• _What is needed_
Pictures are not part of the copy; retype all the records below exactly.

• _Source material_
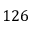Convert formula to latex. <formula><loc_0><loc_0><loc_500><loc_500>1 2 6</formula> 
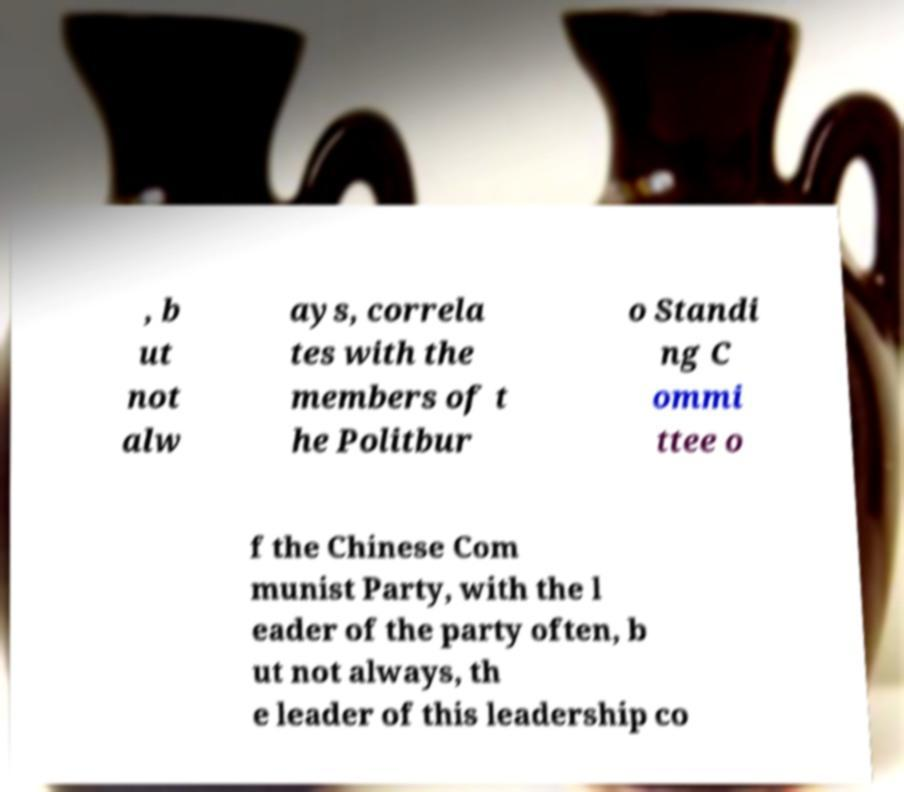There's text embedded in this image that I need extracted. Can you transcribe it verbatim? , b ut not alw ays, correla tes with the members of t he Politbur o Standi ng C ommi ttee o f the Chinese Com munist Party, with the l eader of the party often, b ut not always, th e leader of this leadership co 
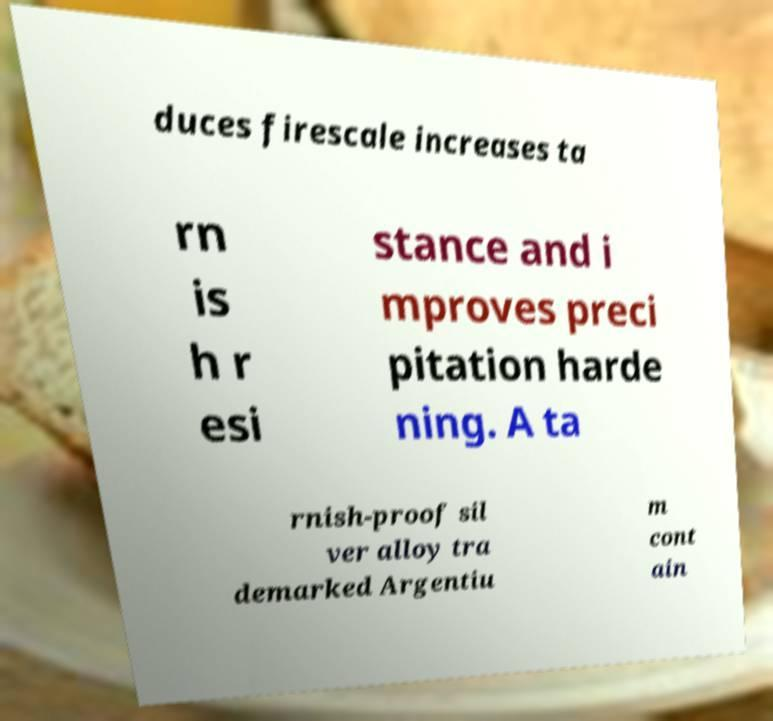Please read and relay the text visible in this image. What does it say? duces firescale increases ta rn is h r esi stance and i mproves preci pitation harde ning. A ta rnish-proof sil ver alloy tra demarked Argentiu m cont ain 
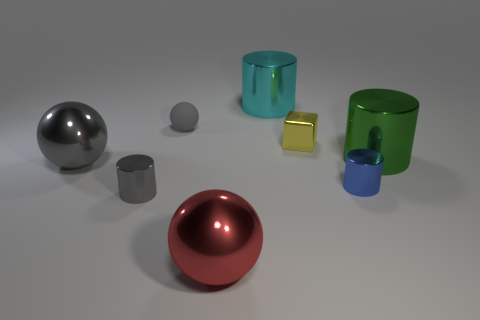There is a small metallic thing on the left side of the cyan object; is its shape the same as the tiny gray thing behind the yellow cube?
Your response must be concise. No. What number of big cyan metallic cylinders are in front of the large green metal cylinder?
Provide a short and direct response. 0. Is there a tiny cube made of the same material as the small gray sphere?
Provide a succinct answer. No. What material is the blue cylinder that is the same size as the yellow shiny object?
Ensure brevity in your answer.  Metal. Is the material of the yellow thing the same as the small gray cylinder?
Provide a succinct answer. Yes. What number of things are either large gray balls or small yellow metallic things?
Offer a terse response. 2. There is a big object that is to the left of the matte thing; what shape is it?
Your answer should be compact. Sphere. There is a block that is the same material as the gray cylinder; what is its color?
Give a very brief answer. Yellow. There is a small gray object that is the same shape as the large gray shiny object; what is it made of?
Offer a terse response. Rubber. There is a small yellow thing; what shape is it?
Keep it short and to the point. Cube. 
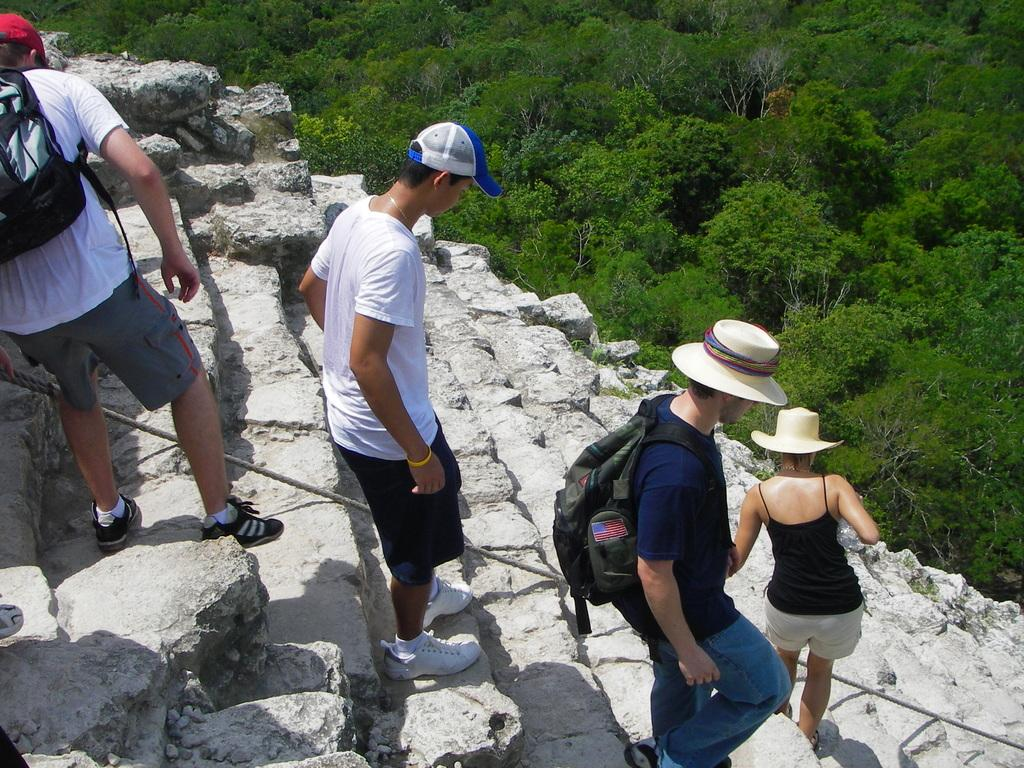How many people are in the image? There are four persons in the image. Where are the persons located in the image? The persons are on the stairs. What are two of the persons carrying? Two of the persons are wearing bags. What can be seen in the background of the image? There are trees visible in the image. What type of jelly is being used to hold the stairs together in the image? There is no jelly present in the image, and it is not being used to hold the stairs together. Can you tell me the name of the mom in the image? There is no indication of a mom or any specific person's name in the image. 
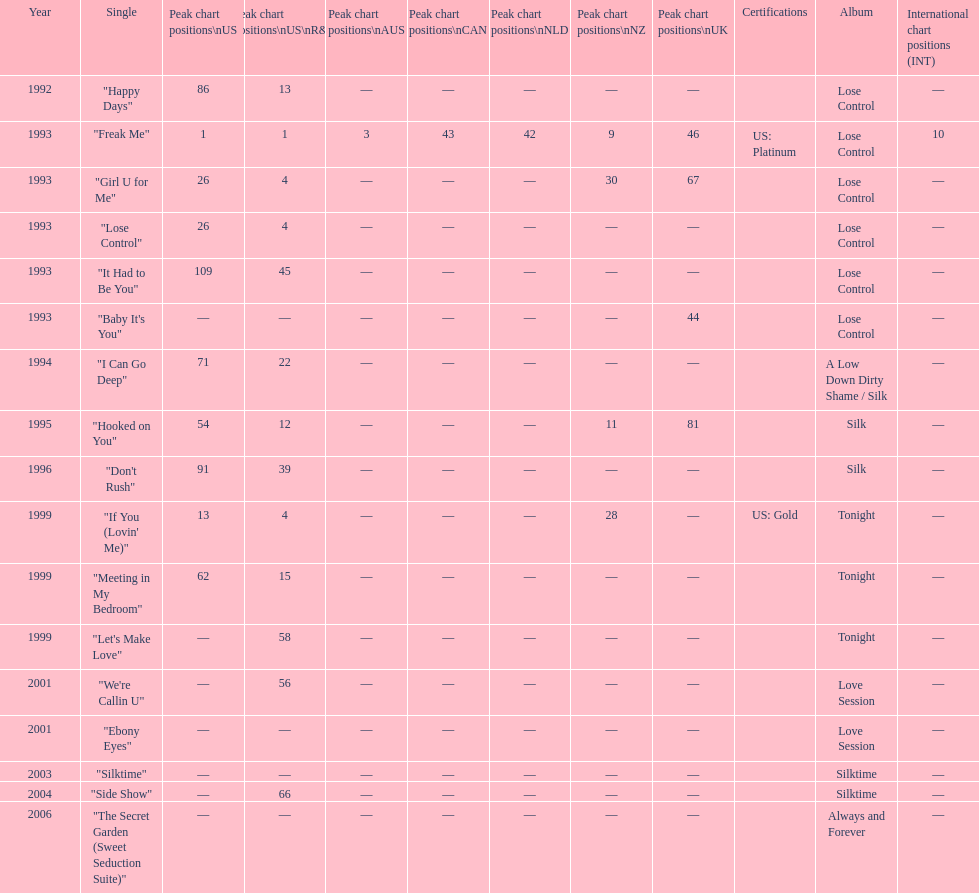Which single is the most in terms of how many times it charted? "Freak Me".

• _Written answer_
Convert formula to latex. <formula><loc_0><loc_0><loc_500><loc_500>1 2 6</formula> 
There's text embedded in this image that I need extracted. Can you transcribe it verbatim? , b ut not alw ays, correla tes with the members of t he Politbur o Standi ng C ommi ttee o f the Chinese Com munist Party, with the l eader of the party often, b ut not always, th e leader of this leadership co 
Please read and relay the text visible in this image. What does it say? duces firescale increases ta rn is h r esi stance and i mproves preci pitation harde ning. A ta rnish-proof sil ver alloy tra demarked Argentiu m cont ain 
There is a small metallic thing on the left side of the cyan object; is its shape the same as the tiny gray thing behind the yellow cube?
Your response must be concise. No. What number of big cyan metallic cylinders are in front of the large green metal cylinder?
Provide a short and direct response. 0. Is there a tiny cube made of the same material as the small gray sphere?
Provide a succinct answer. No. What material is the blue cylinder that is the same size as the yellow shiny object?
Ensure brevity in your answer.  Metal. Is the material of the yellow thing the same as the small gray cylinder?
Provide a succinct answer. Yes. What number of things are either large gray balls or small yellow metallic things?
Offer a terse response. 2. There is a big object that is to the left of the matte thing; what shape is it?
Your answer should be compact. Sphere. There is a block that is the same material as the gray cylinder; what is its color?
Give a very brief answer. Yellow. There is a small gray object that is the same shape as the large gray shiny object; what is it made of?
Offer a terse response. Rubber. There is a small yellow thing; what shape is it?
Keep it short and to the point. Cube. 
How many people are in the image? There are four persons in the image. Where are the persons located in the image? The persons are on the stairs. What are two of the persons carrying? Two of the persons are wearing bags. What can be seen in the background of the image? There are trees visible in the image. What type of jelly is being used to hold the stairs together in the image? There is no jelly present in the image, and it is not being used to hold the stairs together. Can you tell me the name of the mom in the image? There is no indication of a mom or any specific person's name in the image. 
Which single is the most in terms of how many times it charted? "Freak Me".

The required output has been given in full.